I just recived a reply from a member at my lodge and yes it is indeed a lifetime membership.


----------



## Bro. Stewart P.M. (Sep 23, 2012)

You are correct:

The term Perpetual, or Endowed mean the same thing in different jurisdictions => Dues Current for Life.

The younger and able of us must remember though, endowements in some jurisdictions DO NOT cover the per capita... Even though I am endowed, I make a payment to my Lodge to cover the difference... Becasue I can / am able.


----------



## BroBill (Sep 23, 2012)

There is a difference in the Life Membership and the Endowed Membership.  The member pays for his own Endowed membership and the Life Members ship is bestowed on a member by the Lodge.  I cannot remember the specifics of the Life Membership, but I think the Lodge has to submit the name to Grand Lodge- it's all kinda fuzzy from there.  The Life Membership, as I understand it is a reward from the lodge for members- normally senior members- for a long life of dedicated service to Masonry.  I'm sure someone out there has the specifics at hand, but if not, I'll go through my law book later and see if I can dig up the details.  I'm also fuzzy on whether the Life Membership returns any funds after the member passes on where the Endowed membership does (when such funds are available).  

Quick, someone check me... I'm drowning here in my own fuzzy memory.....  

BroBill


----------



## Bro. Stewart P.M. (Sep 23, 2012)

BroBill said:


> There is a difference in the Life Membership and the Endowed Membership.  The member pays for his own Endowed membership and the Life Members ship is bestowed on a member by the Lodge.  I cannot remember the specifics of the Life Membership, but I think the Lodge has to submit the name to Grand Lodge- it's all kinda fuzzy from there.  The Life Membership, as I understand it is a reward from the lodge for members- normally senior members- for a long life of dedicated service to Masonry.  I'm sure someone out there has the specifics at hand, but if not, I'll go through my law book later and see if I can dig up the details.  I'm also fuzzy on whether the Life Membership returns any funds after the member passes on where the Endowed membership does (when such funds are available).
> 
> Quick, someone check me... I'm drowning here in my own fuzzy memory.....
> 
> BroBill



You are correct for the most part, that is why I worded my initial response the way that I did.


----------



## BroBill (Sep 23, 2012)

Bro.
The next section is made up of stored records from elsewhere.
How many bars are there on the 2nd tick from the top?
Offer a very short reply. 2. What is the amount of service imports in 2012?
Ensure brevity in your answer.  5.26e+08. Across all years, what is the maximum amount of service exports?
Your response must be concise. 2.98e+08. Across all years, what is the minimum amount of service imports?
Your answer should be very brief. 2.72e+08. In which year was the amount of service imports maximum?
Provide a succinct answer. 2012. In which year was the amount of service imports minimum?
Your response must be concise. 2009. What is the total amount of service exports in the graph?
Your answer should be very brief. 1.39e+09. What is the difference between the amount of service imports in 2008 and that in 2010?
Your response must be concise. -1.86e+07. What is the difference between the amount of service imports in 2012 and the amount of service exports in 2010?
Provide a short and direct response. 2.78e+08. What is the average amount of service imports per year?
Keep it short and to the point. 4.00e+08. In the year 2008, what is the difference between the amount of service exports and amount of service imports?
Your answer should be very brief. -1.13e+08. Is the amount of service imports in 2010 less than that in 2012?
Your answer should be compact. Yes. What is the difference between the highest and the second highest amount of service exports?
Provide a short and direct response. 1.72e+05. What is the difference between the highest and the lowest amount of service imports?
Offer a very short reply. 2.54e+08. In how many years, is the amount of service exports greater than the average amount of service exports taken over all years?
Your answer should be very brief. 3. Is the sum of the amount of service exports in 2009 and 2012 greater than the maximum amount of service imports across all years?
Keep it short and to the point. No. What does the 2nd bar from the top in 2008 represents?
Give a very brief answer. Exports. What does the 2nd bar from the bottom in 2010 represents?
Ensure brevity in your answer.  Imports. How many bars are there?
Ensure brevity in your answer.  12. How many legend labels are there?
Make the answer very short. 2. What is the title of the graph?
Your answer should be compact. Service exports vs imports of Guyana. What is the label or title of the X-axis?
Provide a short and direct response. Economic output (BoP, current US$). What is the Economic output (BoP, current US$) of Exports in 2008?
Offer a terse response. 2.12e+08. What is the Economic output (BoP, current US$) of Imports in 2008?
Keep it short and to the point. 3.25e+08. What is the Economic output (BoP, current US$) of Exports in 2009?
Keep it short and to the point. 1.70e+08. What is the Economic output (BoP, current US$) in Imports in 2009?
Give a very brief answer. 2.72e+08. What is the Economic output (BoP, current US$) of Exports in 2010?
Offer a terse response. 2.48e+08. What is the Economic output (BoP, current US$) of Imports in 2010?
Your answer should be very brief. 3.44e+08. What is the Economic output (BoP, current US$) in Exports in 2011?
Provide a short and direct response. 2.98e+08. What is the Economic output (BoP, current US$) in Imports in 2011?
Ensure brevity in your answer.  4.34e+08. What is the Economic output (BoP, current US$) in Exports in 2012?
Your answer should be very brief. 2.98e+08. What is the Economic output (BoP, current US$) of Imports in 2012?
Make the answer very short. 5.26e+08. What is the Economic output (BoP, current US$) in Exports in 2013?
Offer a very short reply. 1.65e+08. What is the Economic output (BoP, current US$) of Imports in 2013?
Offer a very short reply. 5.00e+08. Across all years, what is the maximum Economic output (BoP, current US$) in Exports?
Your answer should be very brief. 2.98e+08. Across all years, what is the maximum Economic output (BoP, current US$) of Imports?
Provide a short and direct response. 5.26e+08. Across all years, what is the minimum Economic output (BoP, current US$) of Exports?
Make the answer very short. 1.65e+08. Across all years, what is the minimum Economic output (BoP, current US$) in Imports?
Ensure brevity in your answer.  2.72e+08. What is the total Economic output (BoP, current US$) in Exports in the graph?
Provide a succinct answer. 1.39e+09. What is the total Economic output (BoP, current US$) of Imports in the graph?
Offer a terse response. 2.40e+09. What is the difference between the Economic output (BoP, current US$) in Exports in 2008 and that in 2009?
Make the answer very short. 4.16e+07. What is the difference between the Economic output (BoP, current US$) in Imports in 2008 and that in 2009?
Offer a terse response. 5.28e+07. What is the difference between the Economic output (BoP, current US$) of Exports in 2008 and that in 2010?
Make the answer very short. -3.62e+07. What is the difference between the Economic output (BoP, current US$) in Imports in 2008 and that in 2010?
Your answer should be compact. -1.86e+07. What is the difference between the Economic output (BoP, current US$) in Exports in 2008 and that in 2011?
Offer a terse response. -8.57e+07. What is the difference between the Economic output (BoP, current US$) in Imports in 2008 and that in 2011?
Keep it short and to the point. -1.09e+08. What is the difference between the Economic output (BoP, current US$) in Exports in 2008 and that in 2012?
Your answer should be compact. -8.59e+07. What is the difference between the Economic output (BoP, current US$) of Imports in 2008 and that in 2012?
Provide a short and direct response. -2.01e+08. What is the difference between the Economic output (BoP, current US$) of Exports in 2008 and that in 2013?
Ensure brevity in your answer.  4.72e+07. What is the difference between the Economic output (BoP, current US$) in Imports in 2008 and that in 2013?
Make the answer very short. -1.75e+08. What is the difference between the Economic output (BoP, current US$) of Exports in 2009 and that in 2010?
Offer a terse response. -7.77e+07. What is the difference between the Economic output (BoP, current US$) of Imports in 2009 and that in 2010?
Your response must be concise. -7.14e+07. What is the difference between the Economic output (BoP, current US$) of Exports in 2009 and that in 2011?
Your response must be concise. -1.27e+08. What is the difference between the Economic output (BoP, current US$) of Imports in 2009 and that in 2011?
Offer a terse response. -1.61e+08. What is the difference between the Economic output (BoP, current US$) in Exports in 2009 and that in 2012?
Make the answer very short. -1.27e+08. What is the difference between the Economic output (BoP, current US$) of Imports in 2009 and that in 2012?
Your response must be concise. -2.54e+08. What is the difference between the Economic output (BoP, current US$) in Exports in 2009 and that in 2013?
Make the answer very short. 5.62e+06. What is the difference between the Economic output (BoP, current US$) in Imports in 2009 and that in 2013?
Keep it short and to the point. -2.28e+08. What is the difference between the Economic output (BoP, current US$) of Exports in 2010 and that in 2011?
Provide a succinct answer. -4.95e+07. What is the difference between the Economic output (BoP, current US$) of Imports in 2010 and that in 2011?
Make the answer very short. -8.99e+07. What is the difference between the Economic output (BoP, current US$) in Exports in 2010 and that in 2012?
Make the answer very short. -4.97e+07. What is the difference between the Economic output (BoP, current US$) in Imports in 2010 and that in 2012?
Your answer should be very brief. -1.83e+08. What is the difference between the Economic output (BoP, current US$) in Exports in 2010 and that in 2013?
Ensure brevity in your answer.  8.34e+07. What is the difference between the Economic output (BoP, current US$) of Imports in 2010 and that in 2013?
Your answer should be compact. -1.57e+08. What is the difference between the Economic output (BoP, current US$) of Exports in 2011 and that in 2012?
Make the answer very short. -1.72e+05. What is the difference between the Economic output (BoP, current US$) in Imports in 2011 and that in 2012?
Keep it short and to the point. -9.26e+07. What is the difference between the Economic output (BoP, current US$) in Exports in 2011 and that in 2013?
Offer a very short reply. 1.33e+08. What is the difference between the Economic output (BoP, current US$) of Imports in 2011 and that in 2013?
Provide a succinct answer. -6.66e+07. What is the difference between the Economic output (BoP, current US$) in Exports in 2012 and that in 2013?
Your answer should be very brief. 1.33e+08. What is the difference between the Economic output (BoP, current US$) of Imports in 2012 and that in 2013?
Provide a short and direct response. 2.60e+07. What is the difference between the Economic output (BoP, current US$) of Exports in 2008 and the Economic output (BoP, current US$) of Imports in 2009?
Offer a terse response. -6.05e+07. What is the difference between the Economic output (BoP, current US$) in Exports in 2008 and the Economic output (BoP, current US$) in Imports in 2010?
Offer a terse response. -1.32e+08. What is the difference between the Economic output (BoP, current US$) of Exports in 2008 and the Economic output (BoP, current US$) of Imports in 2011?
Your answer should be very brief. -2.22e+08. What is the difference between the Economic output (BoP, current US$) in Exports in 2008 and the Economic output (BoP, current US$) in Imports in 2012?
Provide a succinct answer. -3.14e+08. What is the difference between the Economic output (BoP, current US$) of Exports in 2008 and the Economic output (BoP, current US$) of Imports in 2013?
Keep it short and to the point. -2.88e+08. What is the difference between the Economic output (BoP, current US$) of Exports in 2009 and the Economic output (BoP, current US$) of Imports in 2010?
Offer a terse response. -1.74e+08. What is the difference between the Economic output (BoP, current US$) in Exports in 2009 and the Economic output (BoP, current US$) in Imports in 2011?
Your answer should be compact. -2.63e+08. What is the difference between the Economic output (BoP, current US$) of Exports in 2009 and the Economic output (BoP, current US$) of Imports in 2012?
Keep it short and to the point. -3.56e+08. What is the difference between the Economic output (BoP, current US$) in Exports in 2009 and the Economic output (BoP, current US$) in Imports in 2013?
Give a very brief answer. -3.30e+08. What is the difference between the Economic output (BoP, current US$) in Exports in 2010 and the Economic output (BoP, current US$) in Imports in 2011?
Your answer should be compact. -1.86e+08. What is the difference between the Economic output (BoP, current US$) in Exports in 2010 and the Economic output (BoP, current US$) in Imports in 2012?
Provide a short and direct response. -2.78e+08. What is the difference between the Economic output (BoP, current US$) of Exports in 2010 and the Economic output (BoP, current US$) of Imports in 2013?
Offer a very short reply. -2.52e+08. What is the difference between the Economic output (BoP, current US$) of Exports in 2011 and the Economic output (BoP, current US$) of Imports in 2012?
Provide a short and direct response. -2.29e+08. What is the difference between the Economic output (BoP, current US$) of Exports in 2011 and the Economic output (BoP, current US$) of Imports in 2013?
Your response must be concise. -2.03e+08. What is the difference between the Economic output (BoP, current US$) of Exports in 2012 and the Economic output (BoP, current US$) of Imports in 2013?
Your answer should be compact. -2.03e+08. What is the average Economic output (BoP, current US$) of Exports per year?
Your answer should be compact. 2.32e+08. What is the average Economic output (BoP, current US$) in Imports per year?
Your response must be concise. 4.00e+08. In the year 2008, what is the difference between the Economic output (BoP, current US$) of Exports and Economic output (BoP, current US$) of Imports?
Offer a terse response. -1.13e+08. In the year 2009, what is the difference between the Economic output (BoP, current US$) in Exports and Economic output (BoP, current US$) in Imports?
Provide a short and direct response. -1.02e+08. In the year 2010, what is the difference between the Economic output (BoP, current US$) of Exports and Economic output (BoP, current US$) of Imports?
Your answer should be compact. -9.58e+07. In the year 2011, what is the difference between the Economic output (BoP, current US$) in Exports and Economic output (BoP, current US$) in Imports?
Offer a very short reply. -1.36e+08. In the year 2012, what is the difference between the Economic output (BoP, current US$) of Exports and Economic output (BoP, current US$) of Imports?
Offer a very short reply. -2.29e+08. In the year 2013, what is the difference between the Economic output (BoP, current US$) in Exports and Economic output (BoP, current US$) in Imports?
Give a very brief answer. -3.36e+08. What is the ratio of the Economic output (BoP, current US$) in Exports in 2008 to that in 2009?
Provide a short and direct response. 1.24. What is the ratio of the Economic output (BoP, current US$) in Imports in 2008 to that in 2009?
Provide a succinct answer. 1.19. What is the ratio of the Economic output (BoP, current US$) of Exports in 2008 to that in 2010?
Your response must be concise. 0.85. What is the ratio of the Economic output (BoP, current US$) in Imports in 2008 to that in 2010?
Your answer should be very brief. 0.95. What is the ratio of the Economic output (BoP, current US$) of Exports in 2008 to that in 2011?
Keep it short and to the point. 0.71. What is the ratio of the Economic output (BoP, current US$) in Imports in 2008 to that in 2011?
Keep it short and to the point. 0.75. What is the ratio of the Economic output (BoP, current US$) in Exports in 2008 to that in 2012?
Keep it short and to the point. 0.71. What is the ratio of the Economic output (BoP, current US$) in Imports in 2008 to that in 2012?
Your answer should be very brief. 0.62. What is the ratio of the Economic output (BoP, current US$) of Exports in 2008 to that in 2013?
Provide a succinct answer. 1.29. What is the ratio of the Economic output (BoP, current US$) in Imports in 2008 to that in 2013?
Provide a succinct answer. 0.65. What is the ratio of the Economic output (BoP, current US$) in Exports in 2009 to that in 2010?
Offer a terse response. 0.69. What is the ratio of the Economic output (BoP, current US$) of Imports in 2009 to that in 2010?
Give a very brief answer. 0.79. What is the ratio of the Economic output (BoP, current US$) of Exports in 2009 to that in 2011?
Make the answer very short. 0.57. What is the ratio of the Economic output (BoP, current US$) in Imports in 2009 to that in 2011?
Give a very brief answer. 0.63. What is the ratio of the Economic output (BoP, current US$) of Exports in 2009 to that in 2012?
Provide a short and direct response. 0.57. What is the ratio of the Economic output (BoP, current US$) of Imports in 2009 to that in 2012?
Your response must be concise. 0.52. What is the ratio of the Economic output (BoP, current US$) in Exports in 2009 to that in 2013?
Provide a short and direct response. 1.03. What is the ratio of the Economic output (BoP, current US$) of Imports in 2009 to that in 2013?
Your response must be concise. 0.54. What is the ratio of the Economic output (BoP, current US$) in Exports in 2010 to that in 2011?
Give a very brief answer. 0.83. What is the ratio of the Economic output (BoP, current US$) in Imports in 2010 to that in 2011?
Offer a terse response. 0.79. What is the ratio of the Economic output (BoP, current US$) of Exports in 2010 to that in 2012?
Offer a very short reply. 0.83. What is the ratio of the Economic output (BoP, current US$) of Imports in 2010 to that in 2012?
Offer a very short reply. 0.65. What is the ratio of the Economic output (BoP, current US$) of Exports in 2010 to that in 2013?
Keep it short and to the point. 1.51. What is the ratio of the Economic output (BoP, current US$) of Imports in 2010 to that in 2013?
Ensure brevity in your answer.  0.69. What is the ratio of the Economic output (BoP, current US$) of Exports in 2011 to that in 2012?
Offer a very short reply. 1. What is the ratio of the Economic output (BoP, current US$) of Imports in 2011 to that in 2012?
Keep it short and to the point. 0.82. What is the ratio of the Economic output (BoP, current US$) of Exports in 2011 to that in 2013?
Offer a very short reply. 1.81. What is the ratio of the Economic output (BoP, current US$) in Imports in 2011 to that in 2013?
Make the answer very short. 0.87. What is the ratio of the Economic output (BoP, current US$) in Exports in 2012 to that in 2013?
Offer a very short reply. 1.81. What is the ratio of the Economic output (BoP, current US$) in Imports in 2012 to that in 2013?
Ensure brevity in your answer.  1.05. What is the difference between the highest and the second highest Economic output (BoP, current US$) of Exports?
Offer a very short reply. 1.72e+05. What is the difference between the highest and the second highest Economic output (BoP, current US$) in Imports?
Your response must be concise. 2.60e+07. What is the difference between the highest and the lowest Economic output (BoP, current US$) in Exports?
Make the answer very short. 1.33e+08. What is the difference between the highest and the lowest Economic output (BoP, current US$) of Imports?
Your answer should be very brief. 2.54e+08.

Stewart said:


> You are correct:
> 
> The term Perpetual, or Endowed mean the same thing in different jurisdictions => Dues Current for Life.
> 
> The younger and able of us must remember though, endowements in some jurisdictions DO NOT cover the per capita... Even though I am endowed, I make a payment to my Lodge to cover the difference... Becasue I can / am able.



Definite apologies, I somehow breezed right over your response... I'm given to my moments of "airheaded-ness" or as some would say, disconnection from the moment.  You did make the point and I managed to breeze past it....


----------



## Bill Lins (Sep 24, 2012)

BroBill said:


> I'm also fuzzy on whether the Life Membership returns any funds after the member passes on


 
No funds are involved with a Life Membership. No dues are received but the Lodge must remit the per capita to Grand Lodge as long as the honoree is alive or until he becomes a Fifty-Year Mason.


----------



## Pscyclepath (Sep 24, 2012)

A perpetual membership (which is what we call it in Arkansas, it's an "endowed" membership in Texas) allows you to pay a one-time fee and thereafter be exempt from paying dues to the lodge for the rest of your life.  The fee is held in an interest-bearing trust by the Grand Lodge, and once a year your lodge is reimbursed for what would be your annual dues, while the GL also gets a cut for your annual per capita assessment, also from the proceeds of the trust. It's pushed pretty hard up here to the newly-made Masons, I don't think I've been to a Master's degree yet where the new Brother didn't get a plug for perpetual membership along with the extra info they disperse with the charge, lecture, etc.  ;-)

Here, the perpetual membership fee is 16 times whatever your current annual lodge dues.   It's pushed as "freezing" your lodge dues in place, while at the same time, your "investment" continues to earn money for the Lodge even after you have trsansferred to that Celestial Lodge Above where all good Masons hope to go someday.  Likewise, a perpetual member can never be suspended as NPD.

And it is part of Grand Lodge law that if for some reason a perpetual member get suspended or expelled, even a short time after paying for a perpetual, you don't get the money back... it stays in the fund.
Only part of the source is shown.